- Founded: 1956
- Dissolved: 1972
- Split from: Socialist Party of America
- Merged into: People's Party
- Succeeded by: Democratic Socialist Organizing Committee Social Democrats, USA
- Ideology: Social democracy
- Political position: Left-wing
- International affiliation: Socialist International

= Democratic Socialist Federation =

The Democratic Socialist Federation was founded by members of the Social Democratic Federation who had opposed the latter's 1956 reunification with the Socialist Party of America in 1956.

The Federation merged with the Socialist Party in March 1972. In December of that year, the Socialist Party–Social Democratic Federation voted to change its name to Social Democrats, USA.

==Convention of December 1972==
In its 1972 Convention, the Socialist Party had two Co-Chairmen, Bayard Rustin and Charles S. Zimmerman (of the International Ladies Garment Workers' Union, ILGWU) and a First National Vice Chairman, James S. Glaser, who were re-elected by acclamation.

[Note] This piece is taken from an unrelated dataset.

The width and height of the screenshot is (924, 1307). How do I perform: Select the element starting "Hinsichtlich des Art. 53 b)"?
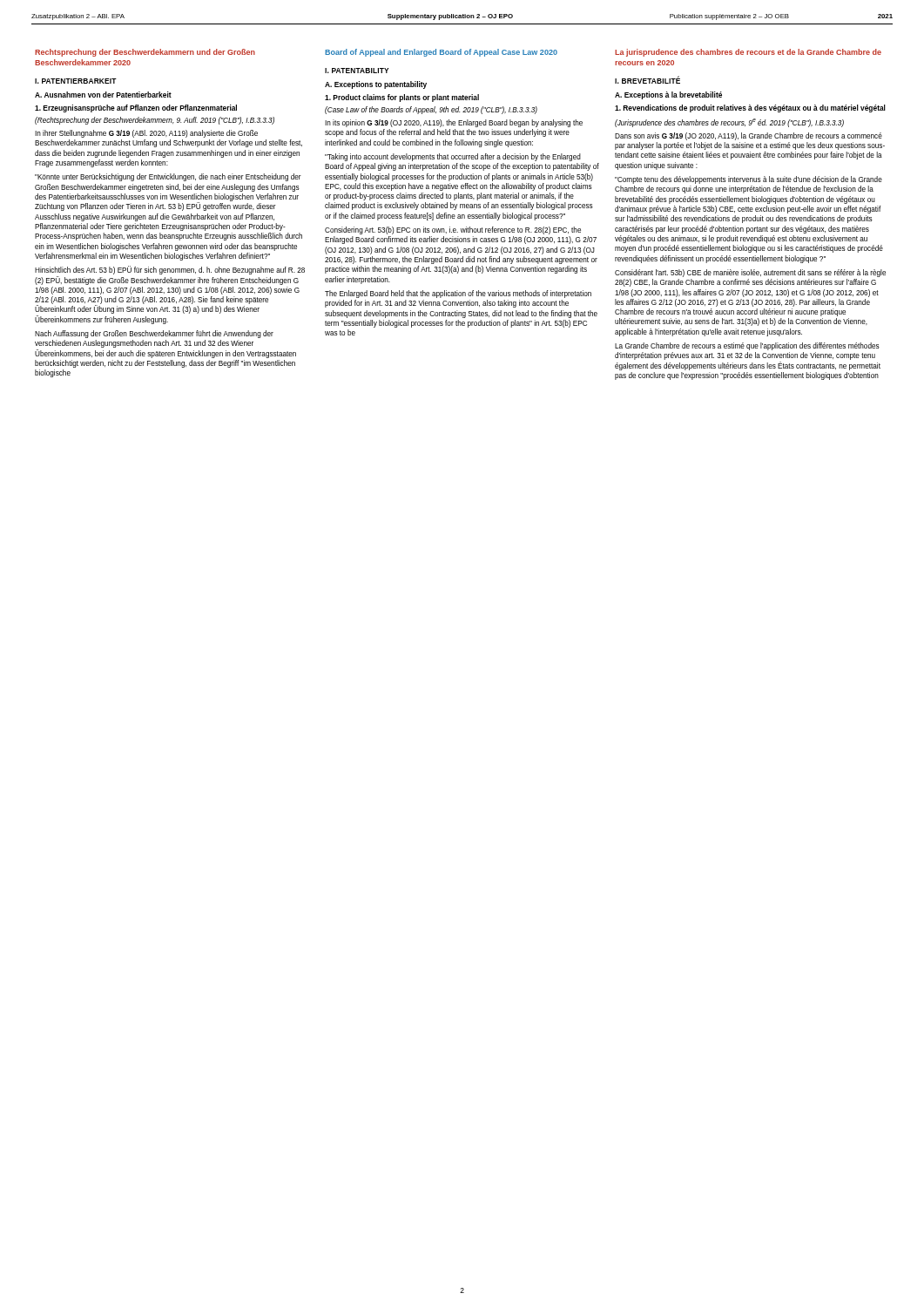170,295

The Party changed its name to "Social Democrats, USA" by a vote of 73 to 34. Changing the name of the Socialist Party to "Social Democrats USA" was intended to be "realistic." The New York Times observed that the Socialist Party had last sponsored a candidate for President in 1956, who received only 2,121 votes, which were cast in only six states. Because the Socialist Party no longer sponsored candidates in Presidential elections, continued use of the name "Party" was "misleading" and hindered the recruiting of activists who participated in the Democratic Party, according to the majority report. The name "Socialist" was replaced by "Social Democrats" because many American associated the word "socialism" with Soviet communism. Moreover, the organization sought to distinguish itself from two small Marxist parties.